Dermabrasion – the procedure is able to improve the quality and texture of the skin and it is effective even in Rhinophyma.
Cosmetic surgery – permanent telangiectasias can be treated electrosurgically. Because the procedure does not improve also the facial redness, telangiectasias tend to recur over time. The maximum efficiency is nose reshaping in the severe cases of Rhinophyma.
Keep in mind!
Patients in a prolonged treatment with isotretinoin or those who have used it in the last 6-12 months, are not good candidates for surgery because they have an associated increased risk of ugly scars after the intervention. Other types of treatment should be discussed and analyzed only with the doctor, because he knows the complexity of each case.
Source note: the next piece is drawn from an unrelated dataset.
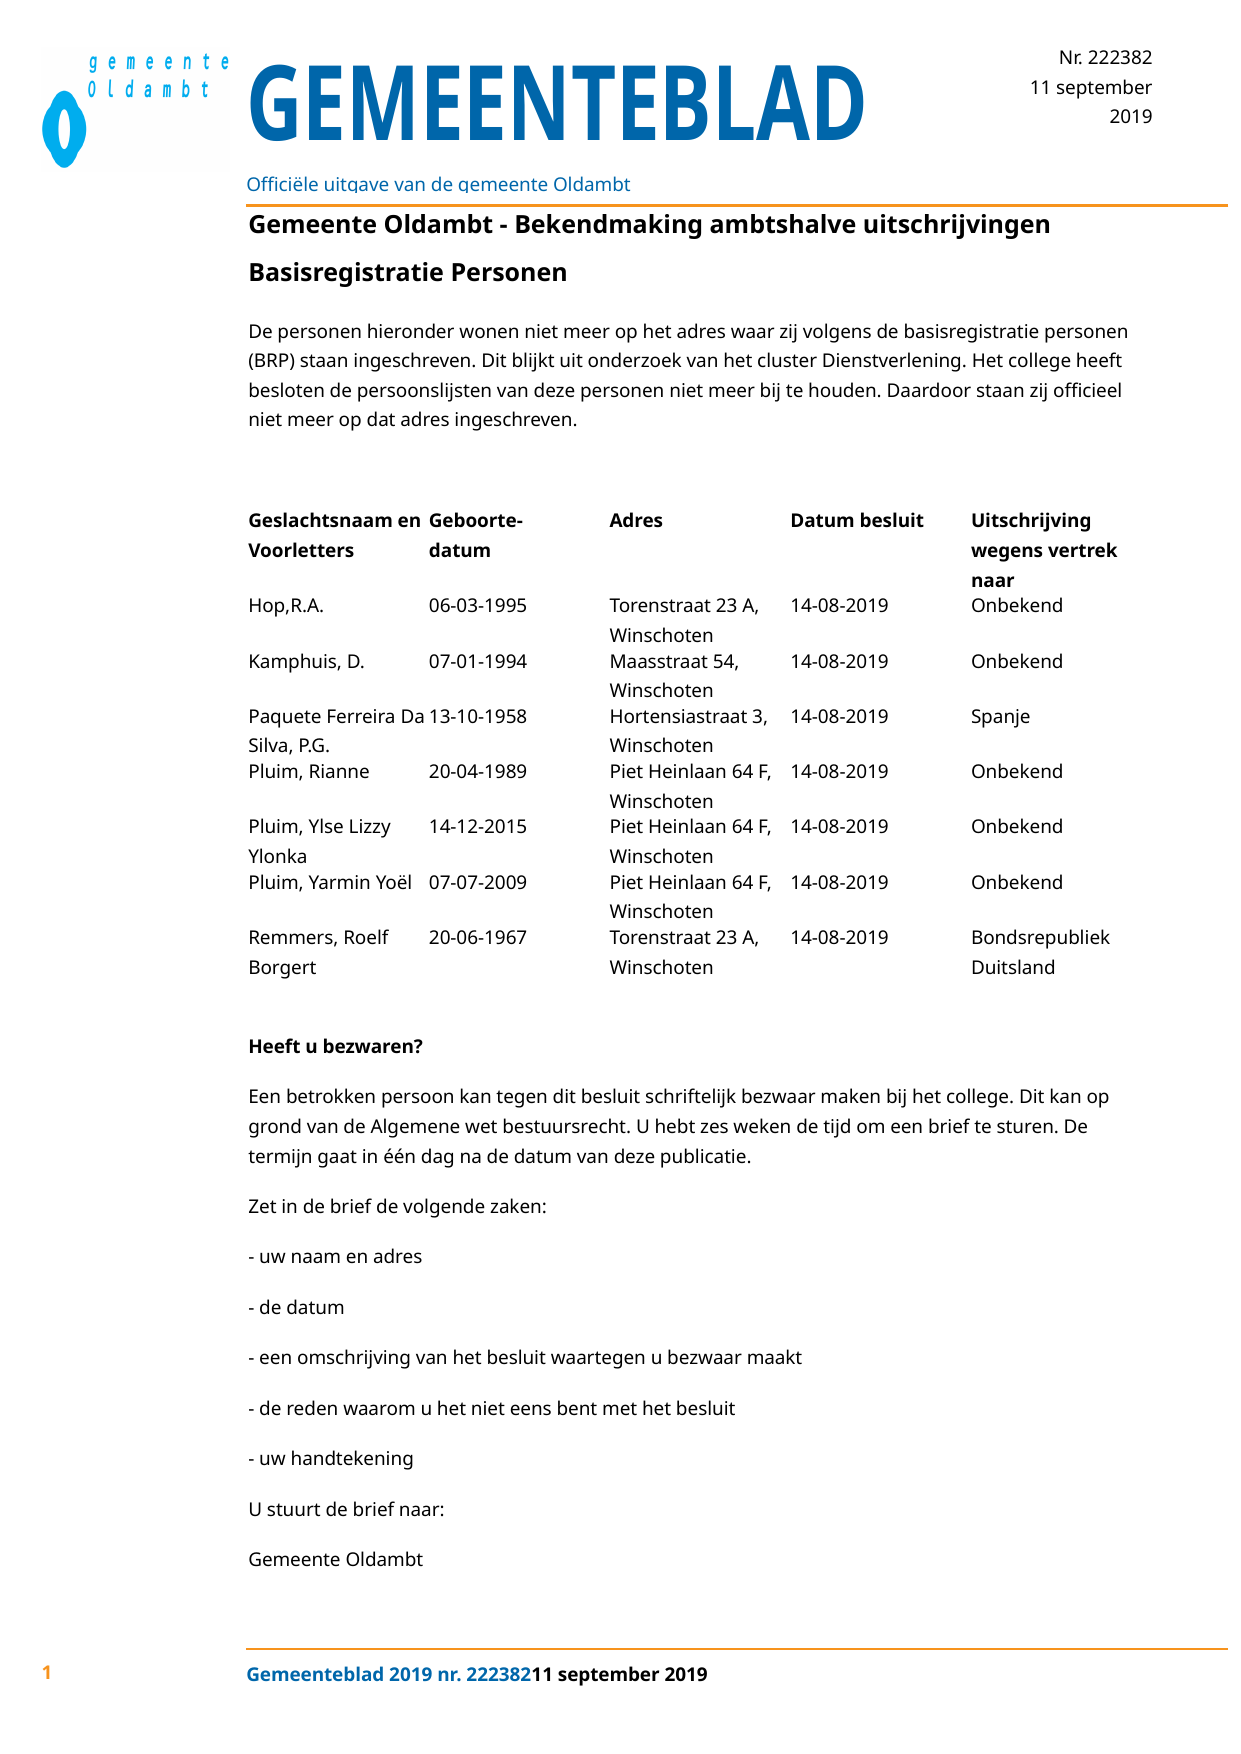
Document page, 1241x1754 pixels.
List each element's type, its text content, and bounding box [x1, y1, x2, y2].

The education and understanding of a patient with rosacea
Rosacea can be a very unpleasant disease which seriously affects the patient’s quality of life. Patients can often feel embarrassed by their symptoms and become withdrawn. In order to better handle the disease, experts recommend to patients the following things:
- To learn more about their illness and even participate in meetings and discussions with other persons affected by the disease
- To follow the doctor’s recommendations and modify their behavior according to the doctor’s advice
- To maintain relationships as good as possible with family and friends because they can provide a real support to the patient, when it is necessary.


Prevention

Because it is not know yet the exact cause of the appearance of rosacea, the disease can not be prevented. But there are certain measures that patients can take in order to diminish the risk of occurrence of the disease or the intensity of symptoms. They can try to avoid contact with various triggering agents (spicy foods, alcohol, hot baths, stress) and use special products for sensitive skin care. The reduction of symtoms is made only if the treatment is continued as it was recommended by the doctor and if the patient is careful with what cosmetic products he uses ( alcohol based products must be avoided because they irritate the skin).